You can often see class background in someone’s expressions, and the President has a number of qualities, Hawaii, private school, Columbia, Harvard, that puts the closet racism of many Americans at ease. Samuel Jackson is a great actor, but he or someone like him will not play Obama in the eventual Oscar winning bio-pic. There are many political and cultural limitations around race that, face it, still exist. For example, Obama can’t get mad in public. Why? Because Grandma Betsy’s still terrified that there will be a ghetto insurrection. The funny thing about that is that there should be a ghetto insurrection, although if Obama wants to get reelected he must act white and make sure that hordes of crazed black men storming the suburbs never enters the dreams of all the white Grannies of America. Of course, Romney has to act white, too.

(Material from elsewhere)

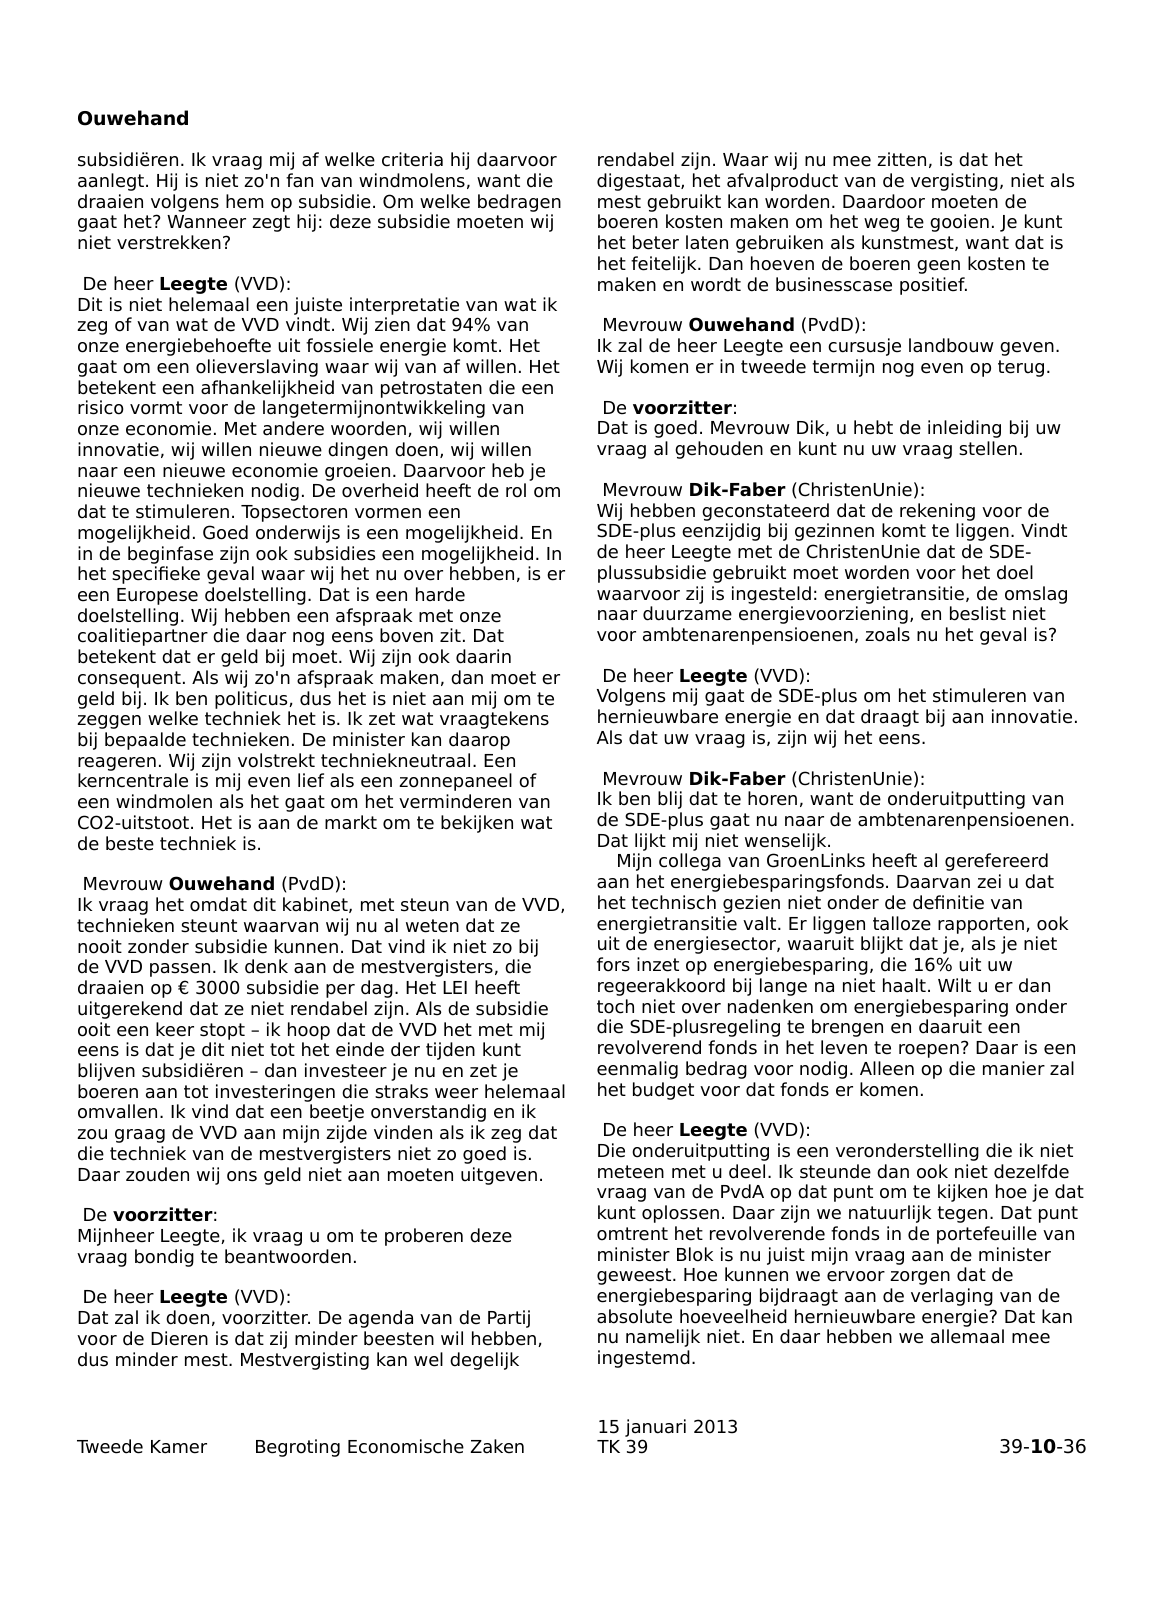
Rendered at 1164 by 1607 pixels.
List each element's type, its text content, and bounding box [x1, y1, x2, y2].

In a crazy way, they’re both acting white and what we’re seeing is the political marketing of a quality, whiteness, that doesn’t even exist and that is in many ways a figment of our national imagination. It’s all there in what we want to see.
Who you laughing at?
Looks influence us in so many ways, but in voting for a president it probably comes down to this: is this person strong/powerful enough to lead us? To get that answer we scrutinize each candidate’s face. We all have unique and individual feelings and beliefs that control how we react to people and eventually make decisions. It is vital to our cleaved-in-two country that we stop using our eyes and start to listen and pay attention to how our subconscious desires are controlling us. This race is steeped in the power of celebrity and that power is visually seductive and sadly, ultimately, empty of meaning.